Entries taken from a collection:
○ ○ ○ ○ ○
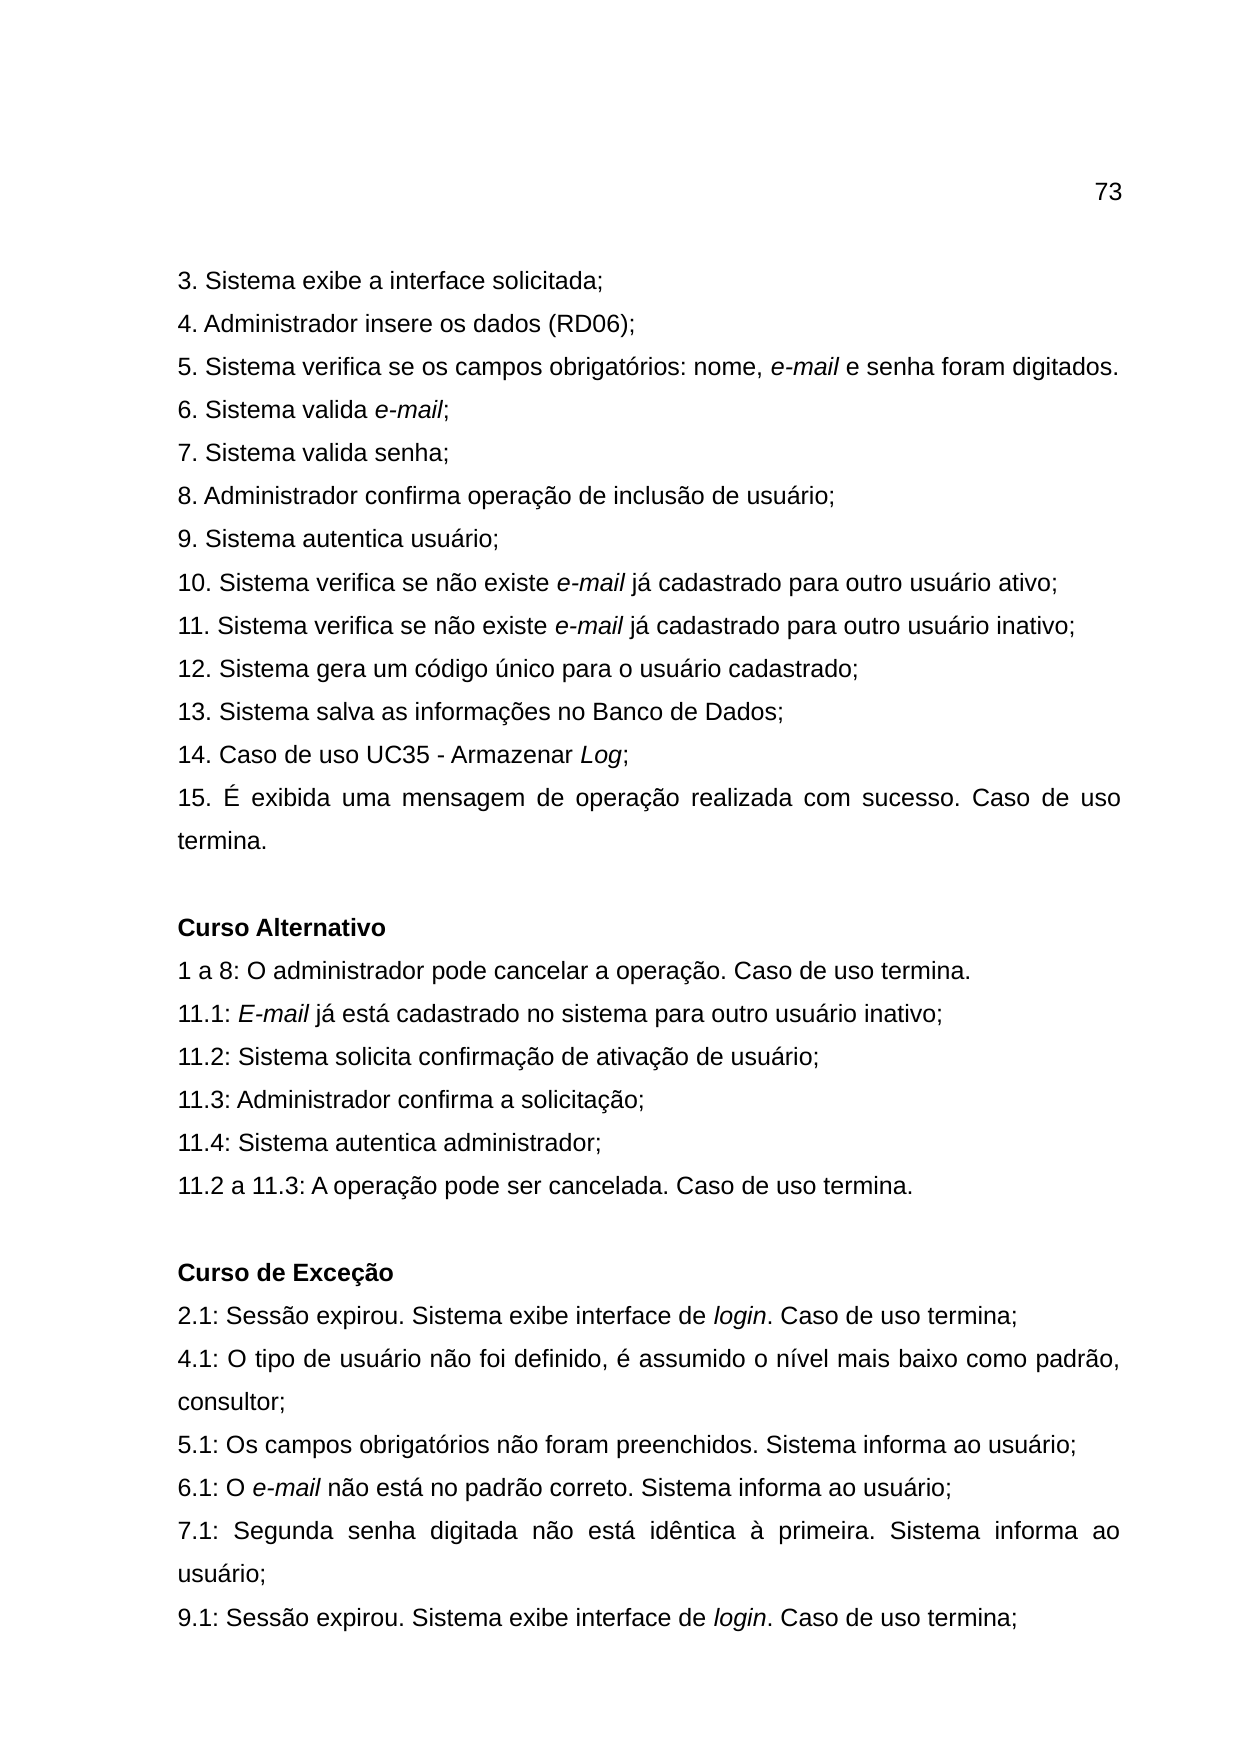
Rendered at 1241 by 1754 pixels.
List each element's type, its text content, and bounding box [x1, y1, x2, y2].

text 11.4: Sistema autentica administrador; [177, 1128, 1122, 1157]
text 11.1: E-mail já está cadastrado no sistema para outro usuário inativo; [177, 999, 1122, 1028]
text 9.1: Sessão expirou. Sistema exibe interface de login. Caso de uso termina; [177, 1603, 1122, 1631]
text 12. Sistema gera um código único para o usuário cadastrado; [177, 654, 1122, 683]
text 11.3: Administrador confirma a solicitação; [177, 1085, 1122, 1114]
text 7. Sistema valida senha; [177, 438, 1122, 467]
text 6. Sistema valida e-mail; [177, 395, 1122, 424]
text 5.1: Os campos obrigatórios não foram preenchidos. Sistema informa ao usuário; [177, 1430, 1122, 1459]
text 2.1: Sessão expirou. Sistema exibe interface de login. Caso de uso termina; [177, 1301, 1122, 1329]
text 11.2: Sistema solicita confirmação de ativação de usuário; [177, 1042, 1122, 1071]
text 5. Sistema verifica se os campos obrigatórios: nome, e-mail e senha foram digitados. [177, 352, 1122, 381]
text 4. Administrador insere os dados (RD06); [177, 309, 1122, 338]
text 14. Caso de uso UC35 - Armazenar Log; [177, 740, 1122, 769]
text 8. Administrador confirma operação de inclusão de usuário; [177, 481, 1122, 510]
text 10. Sistema verifica se não existe e-mail já cadastrado para outro usuário ativo; [177, 568, 1122, 596]
text 11. Sistema verifica se não existe e-mail já cadastrado para outro usuário inativo; [177, 611, 1122, 639]
text 1 a 8: O administrador pode cancelar a operação. Caso de uso termina. [177, 956, 1122, 984]
text Curso Alternativo [177, 913, 1122, 941]
text 15. É exibida uma mensagem de operação realizada com sucesso. Caso de uso termina. [177, 783, 1122, 855]
text Curso de Exceção [177, 1258, 1122, 1286]
text 4.1: O tipo de usuário não foi definido, é assumido o nível mais baixo como padrão, consultor; [177, 1344, 1122, 1416]
text 7.1: Segunda senha digitada não está idêntica à primeira. Sistema informa ao usuário; [177, 1516, 1122, 1588]
text 3. Sistema exibe a interface solicitada; [177, 266, 1122, 294]
text 13. Sistema salva as informações no Banco de Dados; [177, 697, 1122, 726]
text 11.2 a 11.3: A operação pode ser cancelada. Caso de uso termina. [177, 1171, 1122, 1200]
text 6.1: O e-mail não está no padrão correto. Sistema informa ao usuário; [177, 1473, 1122, 1502]
text 9. Sistema autentica usuário; [177, 524, 1122, 553]
○ ○ ○ ○ ○
Exercise brief: Please return only the lines from the top of the data through the line with "text 11.4: Sistema", exactly as written, and drop every picture.

Response to the task:
Rendered at 1241 by 1754 pixels.
List each element's type, its text content, and bounding box [x1, y1, x2, y2].

text 11.4: Sistema autentica administrador; [177, 1128, 1122, 1157]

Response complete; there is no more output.